I
“У вас очень тонкая кожа,” — сказала с презрением девушка лет двадцати в строгих очках, в очередной раз порезав палец Эммы во время маникюра. И посмотрела на неё так быстро исподлобья, будто присвистнула.
В этот момент, в пропахшей ацетоном комнате с лиловыми обоями, под мурчание телевизора, Эмма вдруг поняла: всю жизнь она подозревала, будто недолюбливает мужчин — и боялась этого, как приговора к одиночеству. Ан нет, она всем своим здоровым сорокалетним сердцем ненавидит женщин — с их ужимками и трепетом, и слезами, и визгами, и рыхлой силой, и вечной войной за какие-то блага, ипотеки и ковры, мужчин стройных и мужчин щуплых, мужчин с чем-то этаким в глазах и мужчин, покорно скользящих за женщинами, по змеиным их следам, по сиреневым голосам, по прокисшим их песням.
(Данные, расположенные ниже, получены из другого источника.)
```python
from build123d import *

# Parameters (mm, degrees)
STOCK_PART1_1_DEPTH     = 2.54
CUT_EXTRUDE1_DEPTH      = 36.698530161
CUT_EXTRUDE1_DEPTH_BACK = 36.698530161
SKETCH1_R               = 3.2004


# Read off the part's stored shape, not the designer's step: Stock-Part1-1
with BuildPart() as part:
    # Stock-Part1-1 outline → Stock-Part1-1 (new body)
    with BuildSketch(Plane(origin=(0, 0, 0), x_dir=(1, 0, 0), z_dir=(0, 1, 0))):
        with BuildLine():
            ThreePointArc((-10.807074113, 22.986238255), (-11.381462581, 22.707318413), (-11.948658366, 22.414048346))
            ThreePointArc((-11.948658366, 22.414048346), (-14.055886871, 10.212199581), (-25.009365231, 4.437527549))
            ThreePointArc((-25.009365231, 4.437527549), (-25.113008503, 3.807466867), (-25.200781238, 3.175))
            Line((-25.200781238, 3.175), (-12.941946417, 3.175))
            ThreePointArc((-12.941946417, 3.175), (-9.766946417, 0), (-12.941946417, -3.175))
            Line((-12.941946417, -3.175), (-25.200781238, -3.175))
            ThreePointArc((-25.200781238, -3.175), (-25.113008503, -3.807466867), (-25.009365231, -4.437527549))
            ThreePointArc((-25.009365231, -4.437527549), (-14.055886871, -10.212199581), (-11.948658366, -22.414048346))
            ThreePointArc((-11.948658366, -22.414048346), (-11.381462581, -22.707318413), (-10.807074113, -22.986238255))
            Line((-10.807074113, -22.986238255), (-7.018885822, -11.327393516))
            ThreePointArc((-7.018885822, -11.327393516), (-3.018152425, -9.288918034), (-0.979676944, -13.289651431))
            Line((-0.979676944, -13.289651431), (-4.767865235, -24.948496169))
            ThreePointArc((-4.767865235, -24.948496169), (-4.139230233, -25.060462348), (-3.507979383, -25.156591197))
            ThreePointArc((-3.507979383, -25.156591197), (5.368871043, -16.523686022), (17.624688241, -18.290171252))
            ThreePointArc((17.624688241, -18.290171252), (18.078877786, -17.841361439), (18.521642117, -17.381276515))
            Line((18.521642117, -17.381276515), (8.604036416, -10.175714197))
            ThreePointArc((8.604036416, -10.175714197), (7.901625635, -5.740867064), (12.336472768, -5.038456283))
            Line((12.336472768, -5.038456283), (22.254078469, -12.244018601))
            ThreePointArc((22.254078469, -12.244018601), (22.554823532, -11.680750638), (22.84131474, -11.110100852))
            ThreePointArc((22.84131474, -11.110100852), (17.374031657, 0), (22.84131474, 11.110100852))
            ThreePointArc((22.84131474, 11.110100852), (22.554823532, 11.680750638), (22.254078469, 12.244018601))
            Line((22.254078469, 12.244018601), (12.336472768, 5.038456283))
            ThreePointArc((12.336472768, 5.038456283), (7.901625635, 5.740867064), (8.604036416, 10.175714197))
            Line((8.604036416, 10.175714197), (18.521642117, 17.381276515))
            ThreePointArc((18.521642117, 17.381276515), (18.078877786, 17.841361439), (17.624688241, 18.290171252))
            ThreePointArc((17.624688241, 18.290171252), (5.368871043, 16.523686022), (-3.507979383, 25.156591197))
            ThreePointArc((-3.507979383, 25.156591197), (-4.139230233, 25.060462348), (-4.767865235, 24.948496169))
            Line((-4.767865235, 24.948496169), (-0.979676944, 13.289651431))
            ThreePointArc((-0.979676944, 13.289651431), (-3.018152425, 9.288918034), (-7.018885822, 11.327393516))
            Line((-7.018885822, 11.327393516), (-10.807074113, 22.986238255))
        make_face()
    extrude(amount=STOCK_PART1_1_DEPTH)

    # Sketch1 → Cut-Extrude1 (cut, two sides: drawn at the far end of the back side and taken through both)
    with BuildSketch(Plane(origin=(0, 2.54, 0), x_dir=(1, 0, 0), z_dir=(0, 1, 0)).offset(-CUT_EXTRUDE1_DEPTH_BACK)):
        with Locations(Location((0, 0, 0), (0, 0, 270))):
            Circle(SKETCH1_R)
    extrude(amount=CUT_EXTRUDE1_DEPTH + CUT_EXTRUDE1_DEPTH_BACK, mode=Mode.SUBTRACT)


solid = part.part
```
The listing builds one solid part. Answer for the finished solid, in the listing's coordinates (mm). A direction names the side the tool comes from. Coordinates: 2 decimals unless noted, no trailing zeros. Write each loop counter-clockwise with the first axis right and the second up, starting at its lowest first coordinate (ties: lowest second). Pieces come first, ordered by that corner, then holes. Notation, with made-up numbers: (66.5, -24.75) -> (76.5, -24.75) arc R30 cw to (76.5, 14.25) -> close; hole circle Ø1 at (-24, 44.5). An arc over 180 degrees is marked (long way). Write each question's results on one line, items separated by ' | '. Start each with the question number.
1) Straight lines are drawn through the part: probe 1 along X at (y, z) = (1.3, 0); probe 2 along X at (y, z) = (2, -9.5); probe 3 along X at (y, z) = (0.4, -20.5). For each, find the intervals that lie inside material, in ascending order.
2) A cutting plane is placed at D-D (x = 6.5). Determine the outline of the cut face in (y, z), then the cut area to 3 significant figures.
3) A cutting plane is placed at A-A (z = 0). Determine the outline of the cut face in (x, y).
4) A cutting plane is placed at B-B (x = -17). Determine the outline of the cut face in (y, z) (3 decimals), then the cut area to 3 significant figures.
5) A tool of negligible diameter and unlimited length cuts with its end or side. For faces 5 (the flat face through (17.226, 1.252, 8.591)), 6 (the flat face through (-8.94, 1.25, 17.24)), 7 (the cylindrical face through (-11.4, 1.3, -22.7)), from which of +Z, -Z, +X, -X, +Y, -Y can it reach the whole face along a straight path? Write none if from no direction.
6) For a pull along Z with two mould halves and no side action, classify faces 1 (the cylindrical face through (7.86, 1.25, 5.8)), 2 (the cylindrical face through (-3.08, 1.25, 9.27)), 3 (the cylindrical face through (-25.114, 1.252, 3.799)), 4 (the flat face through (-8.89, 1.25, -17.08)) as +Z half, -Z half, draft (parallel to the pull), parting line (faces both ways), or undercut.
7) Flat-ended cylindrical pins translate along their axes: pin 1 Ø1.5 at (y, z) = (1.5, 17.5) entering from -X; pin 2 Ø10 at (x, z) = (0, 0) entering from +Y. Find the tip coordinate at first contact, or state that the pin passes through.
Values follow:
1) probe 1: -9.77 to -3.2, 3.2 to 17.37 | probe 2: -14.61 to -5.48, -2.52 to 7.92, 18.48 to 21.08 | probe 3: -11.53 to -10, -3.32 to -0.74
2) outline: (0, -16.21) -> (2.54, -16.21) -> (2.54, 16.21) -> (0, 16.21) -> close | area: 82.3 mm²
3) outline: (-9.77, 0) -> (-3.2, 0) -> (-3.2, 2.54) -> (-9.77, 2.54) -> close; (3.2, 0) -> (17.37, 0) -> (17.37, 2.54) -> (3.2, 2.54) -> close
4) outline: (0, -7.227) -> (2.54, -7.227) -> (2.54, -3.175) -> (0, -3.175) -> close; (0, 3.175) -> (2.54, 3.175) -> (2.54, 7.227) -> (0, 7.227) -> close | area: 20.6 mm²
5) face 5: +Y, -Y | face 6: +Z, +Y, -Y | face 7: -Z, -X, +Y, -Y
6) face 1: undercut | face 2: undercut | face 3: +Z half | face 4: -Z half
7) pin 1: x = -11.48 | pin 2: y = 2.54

И к этому унылому племени героинь в поисках невнимательного отца, в тени тревожных матерей, принадлежала и она сама, долговязая белобровая Эмма с тонкой кожей и злым сердцем.
II
Впрочем, что значит, долговязая?
Когда ей было девятнадцать, её тело будто состояло из осторожных овалов, погруженных в пространство как в воду. Так бликуют и дрожат пуговицы отражений в бирюзовой воде бассейна. Светлые глаза Эммы смотрели на мир медленно, будто пасмурный день пытался протолкнуться к полудню. И нос был тонок, и струились волосы к рукам, и кожа пахла абрикосами и мятой.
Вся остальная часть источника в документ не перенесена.